Part 4: Distribution of the target variable
Make a histogram of the target variable. Use 50 bins. Are there any extremely large or small values compared with the rest of the data?
Part 5: Target vs features
Make the following two plots, then write a sentence about what they tell you about the relationships of each feature to the target variable.
Make a scatter plot of sale_price
vs. Gr_Liv_Area
. Add a lowess
trendline. I used a marker_size
of 3 to make the points smaller.
Make a scatter plot of sale_price
by Year_Built
.
Fit models
Part 6: Linear Regression
Here is code to train and evaluate a linear regression model on the training set.
```{python}
lr = LinearRegression().fit(
X=ames_train[feature_columns],
y=ames_train[target_column]
)
ames_train['linreg_prediction'] = lr.predict(ames_train[feature_columns])
evaluate(ames_train[target_column], ames_train['linreg_prediction'])
```
MAE 27.541263
MAPE 0.161787
dtype: float64
Your turn: evaluate the model on the test set. (Remember what we never to with test sets?)
MAE 28.371445
MAPE 0.168235
dtype: float64
Write a description of the model’s performance on the test set in plain English.

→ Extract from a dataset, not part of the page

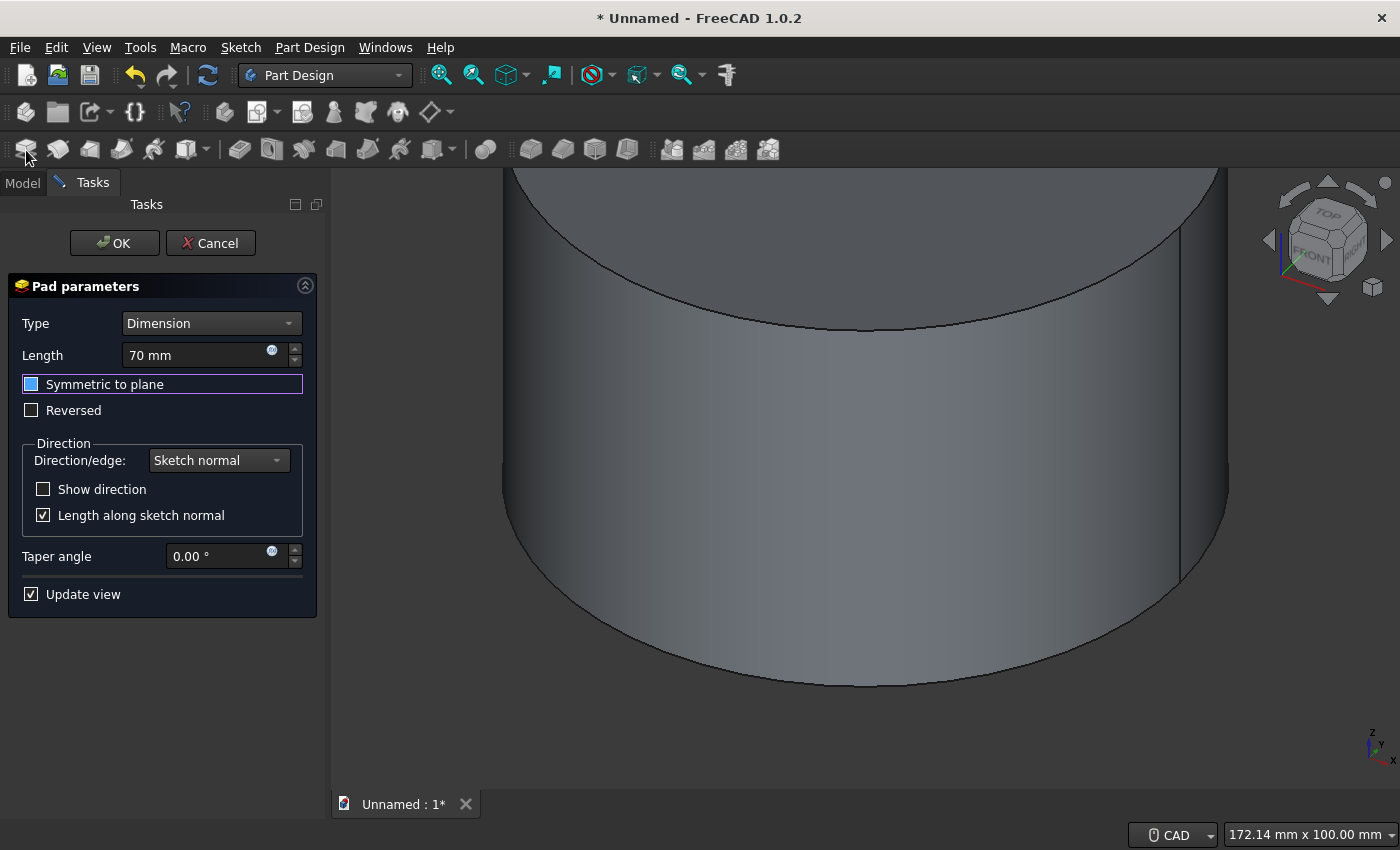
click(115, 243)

Include both the MAE and MAPE metrics. (Look at the manual page for mean_absolute_percentage_error to see how to interpret the MAPE metric.)
Part 7: Decision Tree
Do the same, but use a DecisionTreeRegressor(max_depth=3)

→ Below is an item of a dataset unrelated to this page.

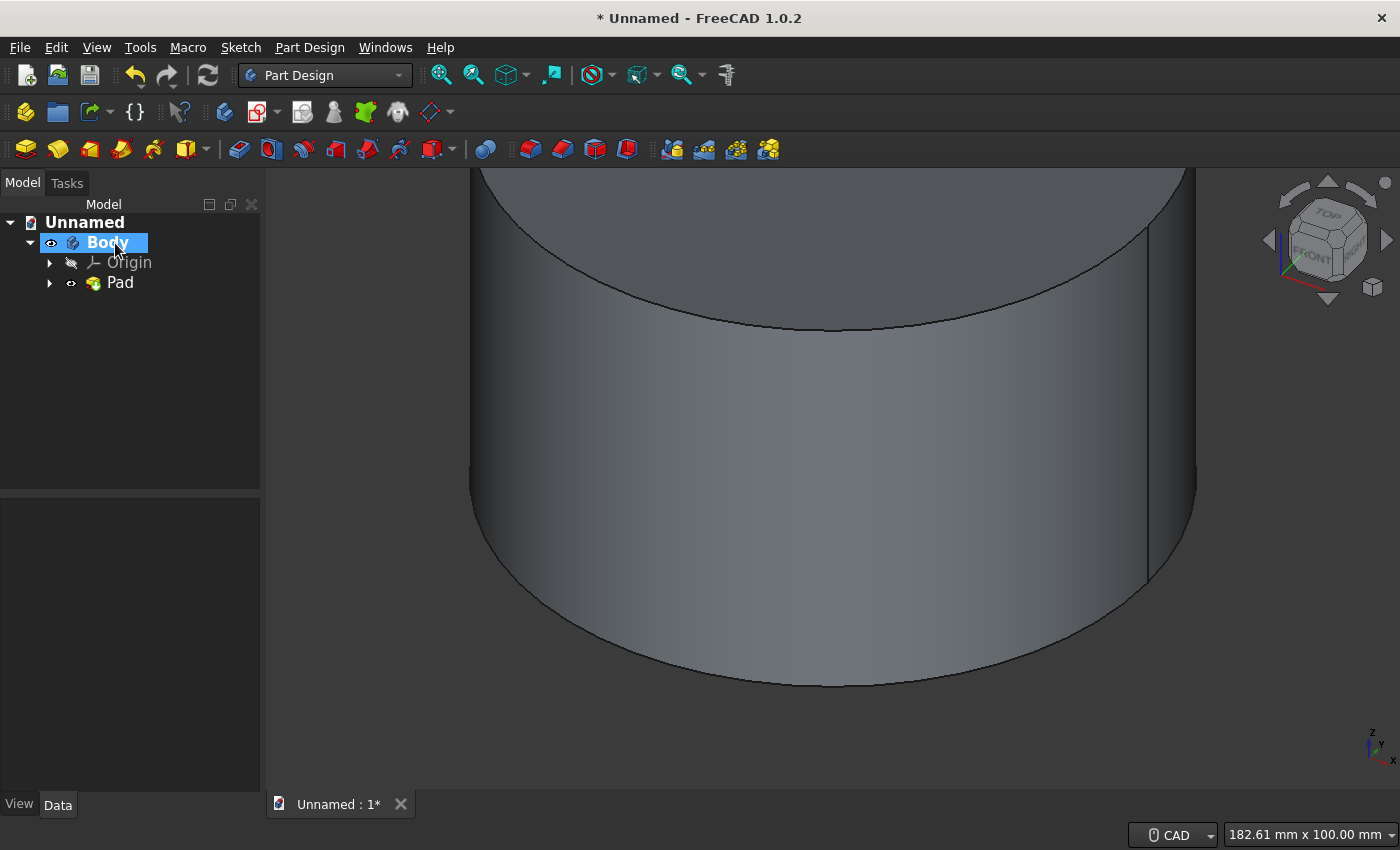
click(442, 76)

instead of a linear regression model. (You can copy and paste the code from above, but be careful to change all the variable names.)
MAE 29.851262
MAPE 0.182240
dtype: float64
MAE 31.239749
MAPE 0.191820
dtype: float64
Compare the two models
The following code makes a tidy dataset of the model predictions and residuals. Study how it works; you might find this data wrangling useful.
```{python}
ames_test_by_model = ames_test.melt(
id_vars=['sale_price'] + feature_columns,
value_vars=['linreg_prediction', 'dt_prediction'],
var_name='model',
value_name='prediction')
ames_test_by_model['model'] = ames_test_by_model['model'].replace({
'linreg_prediction': 'Linear Regression',
'dt_prediction': 'Decision Tree'
})
ames_test_by_model['resid'] = ames_test_by_model['sale_price'] - ames_test_by_model['prediction']
ames_test_by_model.head()
```
sale_price | Gr_Liv_Area | Year_Built | model | prediction | resid | |
---|---|---|---|---|---|---|
0 | 131.0 | 1008 | 1956 | Linear Regression | 117.862663 | 13.137337 |
1 | 135.5 | 960 | 1955 | Linear Regression | 112.321404 | 23.178596 |
2 | 146.5 | 1652 | 1970 | Linear Regression | 192.755718 | -46.255718 |
3 | 183.5 | 1525 | 1997 | Linear Regression | 205.935490 | -22.435490 |
4 | 147.9 | 1097 | 1996 | Linear Regression | 163.960631 | -16.060631 |
Part 8: Compare the models
Make an actual-vs-predicted scatter plot for each model. Use facet_col
to put the two plots side-by-side.
Make a box plot of the residuals for each model.
Write a brief description of which model worked better for this task.
Part 9: Tweak hyperparameters
Try changing the max_depth
of the decision tree. What happens to the model’s performance on the training set? What happens to the model’s performance on the test set?
Try adding a feature for number of bedrooms. What happens to the model’s performance on the training set? What happens to the model’s performance on the test set?